Donnerstag, 14. Dezember 2023

Stuhlgang II

 Entlassungstag: Die liebe Auszubildende wagt es, in einem Augenblick der Ungezwungenheit zu erkunden, wann ich zuletzt das Privileg eines erfolgreichen Toilettengangs genossen habe. Ganz unverblümt gestehe ich: seit meiner OP vor 4 Tagen war da leider Funkstille. Ihre Verlegenheit steigt, als wäre sie auf der Suche nach dem verlorenen Schatz, und sie zieht sich kurz zurück.

Doch sie kehrt zurück, um mir mitzuteilen, dass meine Freiheit in weiter Ferne liegt, solange mein Darm im Standby-Modus verharrt. "Kein Entlassen ohne Beweis eines ordentlichen Stuhlgangs", verkündet sie, als ob das der Schlüssel zur Eingangstür wäre. Schade, denke ich, dass ich nicht eine kleine Schwindelei eingebaut habe, teile ich ihr augenzwinkernd mit.

Plötzlich taucht sie mit zwei Zäpfchen bewaffnet auf und fordert mich auf, beide auf einmal zu nehmen. Ein Versprechen, das ich ohne große Gegenwehr abgebe. Die Frage, ob ich schon mal Zäpfchen eingeführt habe, liegt in der Luft.

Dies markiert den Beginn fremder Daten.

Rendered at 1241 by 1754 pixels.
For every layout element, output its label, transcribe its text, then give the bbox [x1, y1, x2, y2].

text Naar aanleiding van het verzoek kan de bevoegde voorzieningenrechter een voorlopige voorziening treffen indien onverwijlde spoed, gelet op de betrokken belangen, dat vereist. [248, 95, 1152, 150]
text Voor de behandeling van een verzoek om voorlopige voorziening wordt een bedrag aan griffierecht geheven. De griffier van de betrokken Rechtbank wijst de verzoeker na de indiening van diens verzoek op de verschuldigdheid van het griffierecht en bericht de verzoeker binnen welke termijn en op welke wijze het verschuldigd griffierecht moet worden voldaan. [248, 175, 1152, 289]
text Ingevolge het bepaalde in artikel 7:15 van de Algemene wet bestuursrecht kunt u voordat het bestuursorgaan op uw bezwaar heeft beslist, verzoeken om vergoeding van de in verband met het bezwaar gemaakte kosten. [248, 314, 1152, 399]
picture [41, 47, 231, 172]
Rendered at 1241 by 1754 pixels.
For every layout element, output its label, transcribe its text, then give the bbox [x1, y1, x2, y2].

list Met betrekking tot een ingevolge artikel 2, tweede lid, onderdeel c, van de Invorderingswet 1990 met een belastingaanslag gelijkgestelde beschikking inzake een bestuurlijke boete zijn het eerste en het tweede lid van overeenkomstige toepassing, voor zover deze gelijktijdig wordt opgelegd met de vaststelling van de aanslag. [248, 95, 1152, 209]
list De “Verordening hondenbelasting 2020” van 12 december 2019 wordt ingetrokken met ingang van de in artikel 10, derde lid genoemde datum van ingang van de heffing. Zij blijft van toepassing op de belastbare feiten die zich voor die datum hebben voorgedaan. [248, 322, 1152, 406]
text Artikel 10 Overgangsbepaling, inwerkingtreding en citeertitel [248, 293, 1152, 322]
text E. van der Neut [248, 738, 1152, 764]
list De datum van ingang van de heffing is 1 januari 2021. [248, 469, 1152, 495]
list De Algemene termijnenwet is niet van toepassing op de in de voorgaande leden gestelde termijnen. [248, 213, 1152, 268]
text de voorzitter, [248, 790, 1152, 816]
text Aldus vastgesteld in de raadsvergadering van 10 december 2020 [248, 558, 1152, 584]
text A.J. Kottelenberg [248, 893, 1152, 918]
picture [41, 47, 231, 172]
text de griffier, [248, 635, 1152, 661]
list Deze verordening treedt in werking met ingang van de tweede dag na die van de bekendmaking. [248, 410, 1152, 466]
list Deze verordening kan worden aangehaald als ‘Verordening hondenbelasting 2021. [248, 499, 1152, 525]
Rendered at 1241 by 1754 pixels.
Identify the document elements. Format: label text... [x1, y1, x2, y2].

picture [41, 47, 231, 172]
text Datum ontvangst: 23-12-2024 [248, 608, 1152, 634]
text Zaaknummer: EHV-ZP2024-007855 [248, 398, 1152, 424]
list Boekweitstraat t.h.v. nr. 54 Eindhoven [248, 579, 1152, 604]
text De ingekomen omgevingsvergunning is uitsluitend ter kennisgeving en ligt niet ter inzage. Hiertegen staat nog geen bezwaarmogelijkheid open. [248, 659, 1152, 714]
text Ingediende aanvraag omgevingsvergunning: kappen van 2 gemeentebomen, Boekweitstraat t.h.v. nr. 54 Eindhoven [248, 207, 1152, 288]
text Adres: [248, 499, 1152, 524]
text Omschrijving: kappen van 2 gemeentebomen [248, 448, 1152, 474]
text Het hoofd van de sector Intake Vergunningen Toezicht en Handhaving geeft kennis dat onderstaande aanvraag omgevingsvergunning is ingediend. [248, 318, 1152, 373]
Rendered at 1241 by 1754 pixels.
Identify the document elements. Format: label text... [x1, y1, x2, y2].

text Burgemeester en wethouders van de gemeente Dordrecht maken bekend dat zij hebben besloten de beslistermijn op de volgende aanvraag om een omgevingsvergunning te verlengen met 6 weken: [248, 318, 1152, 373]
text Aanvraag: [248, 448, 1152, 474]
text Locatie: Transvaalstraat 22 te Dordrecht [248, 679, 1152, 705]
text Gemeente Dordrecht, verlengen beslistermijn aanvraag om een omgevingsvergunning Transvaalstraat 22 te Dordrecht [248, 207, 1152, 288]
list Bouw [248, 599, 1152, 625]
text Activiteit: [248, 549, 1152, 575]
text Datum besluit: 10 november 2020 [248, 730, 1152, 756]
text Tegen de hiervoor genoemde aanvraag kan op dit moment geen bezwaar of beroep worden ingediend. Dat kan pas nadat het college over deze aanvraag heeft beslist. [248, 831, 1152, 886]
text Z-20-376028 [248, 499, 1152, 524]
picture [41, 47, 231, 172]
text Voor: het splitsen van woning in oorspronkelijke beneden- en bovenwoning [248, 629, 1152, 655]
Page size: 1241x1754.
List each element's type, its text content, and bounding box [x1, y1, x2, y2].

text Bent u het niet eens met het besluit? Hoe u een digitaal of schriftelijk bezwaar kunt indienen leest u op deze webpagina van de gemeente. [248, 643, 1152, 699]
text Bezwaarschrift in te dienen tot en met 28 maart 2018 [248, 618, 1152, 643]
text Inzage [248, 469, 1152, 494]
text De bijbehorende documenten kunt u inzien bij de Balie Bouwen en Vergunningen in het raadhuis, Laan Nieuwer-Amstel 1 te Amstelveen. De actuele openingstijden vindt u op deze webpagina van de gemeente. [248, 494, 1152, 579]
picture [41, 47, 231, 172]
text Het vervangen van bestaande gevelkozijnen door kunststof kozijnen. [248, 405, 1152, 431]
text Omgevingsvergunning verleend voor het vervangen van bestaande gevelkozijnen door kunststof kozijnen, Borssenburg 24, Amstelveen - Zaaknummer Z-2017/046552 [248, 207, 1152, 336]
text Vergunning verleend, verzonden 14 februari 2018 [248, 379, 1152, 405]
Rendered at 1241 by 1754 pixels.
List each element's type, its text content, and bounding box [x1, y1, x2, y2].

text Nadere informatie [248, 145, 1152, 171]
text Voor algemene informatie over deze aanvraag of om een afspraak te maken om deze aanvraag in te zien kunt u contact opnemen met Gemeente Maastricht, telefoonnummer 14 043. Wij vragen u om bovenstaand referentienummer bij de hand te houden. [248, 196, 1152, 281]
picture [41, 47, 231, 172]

Ihre Verlegenheit steigert sich, als sie mit sanfter Dringlichkeit erklärt: "Die Zäpfchen müssen nach hinten rein, richtig tief rein – also so richtig tief." In diesem Moment verdeckt sie ihren Mittelfinger, als wäre er ein streng gehütetes Geheimnis, während sie die exakte Vorgehensweise zu verdeutlichen versucht. Nach einem weiteren "tief rein" wirkt sie erleichtert, als ich ihr mit einem "danke, ich versuche das selbst" signalisiere, dass ich die Aufgabe eigenhändig übernehmen werde.

Humpelnd begebe ich mich zur Toilette, die zwei Zäpfchen fest in meiner Hand. Die Auszubildende drückt sie mir mit einem spürbaren Gefühl der Erleichterung in die Hand und verlässt fluchtartig den Raum.

In dankbarer Erinnerung an die Auszubildende und mich selbst, die wir uns diese peinliche Situation erspart haben, verinnerliche ich das erste Zäpfchen. Doch beim Versuch, das zweite zu entpacken, wird es zum unfreiwilligen Projektil und durchquert das Bad in hohem Bogen. Mit meinen Krücken ist da an eine Verfolgung nicht zu denken. Der Notknopf wird meine Rettung.

Eine andere Krankenschwester betritt die Bühne, ich mit halb heruntergelassener Hose, und bitte sie, das entflohene Zäpfchen zu bergen und aus seiner Verpackung zu befreien. Auch sie zeigt sich hilfsbereit. Dankeschön. Durch die nur halb geschlossene Tür gibt sie mir noch einen letzten Ratschlag mit auf den Weg: "Andersrum, also mit der stumpfen Seite nach vorne, die Spitze nach hinten einführen." "Okay, man lernt nie aus. Ich hab's anders gemacht, aber mit der 2, sind die dann ja quasi Arsch an Arsch."

Nach 20 Minuten Drama zeigt sich, dass ich nicht allzu viele Fehler begangen habe.